From the first line to the last, copy the data exactly and drop the pictures.

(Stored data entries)
Start of Block

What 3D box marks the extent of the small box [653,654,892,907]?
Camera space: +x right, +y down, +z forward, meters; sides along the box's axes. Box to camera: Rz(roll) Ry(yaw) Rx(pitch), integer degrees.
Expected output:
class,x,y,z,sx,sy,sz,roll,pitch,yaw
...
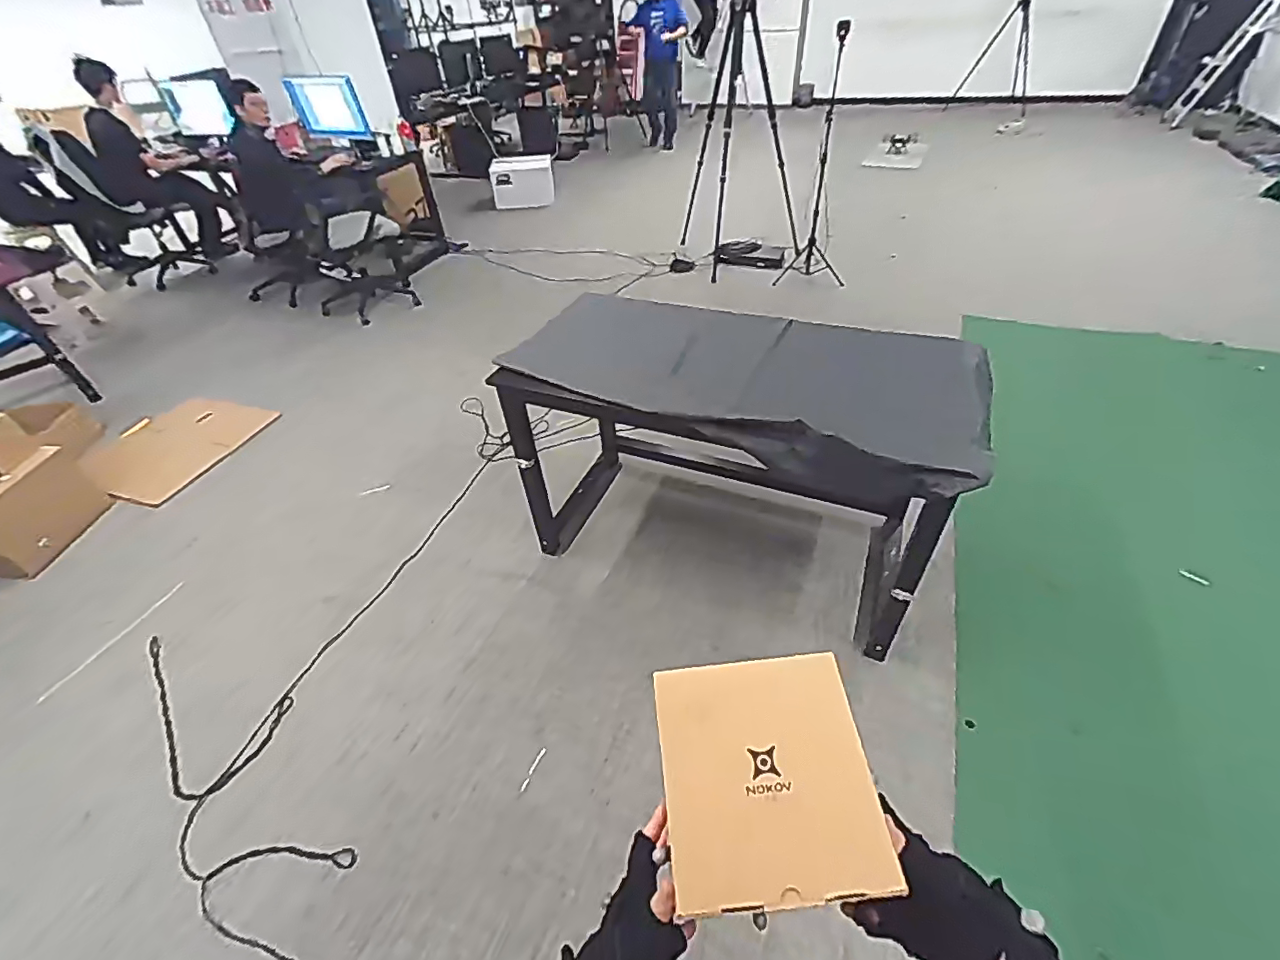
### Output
class,x,y,z,sx,sy,sz,roll,pitch,yaw
small box,0.100,0.283,0.506,0.168,0.176,0.179,-5,53,-1

End of Block

Worked solution:
What 3D box marks the extent of the small box [653,654,892,907]?
Camera space: +x right, +y down, +z forward, meters; sides along the box's axes. Box to camera: Rz(roll) Ry(yaw) Rx(pitch), integer degrees.
Expected output:
class,x,y,z,sx,sy,sz,roll,pitch,yaw
...
### Output
class,x,y,z,sx,sy,sz,roll,pitch,yaw
small box,0.100,0.283,0.506,0.168,0.176,0.179,-5,53,-1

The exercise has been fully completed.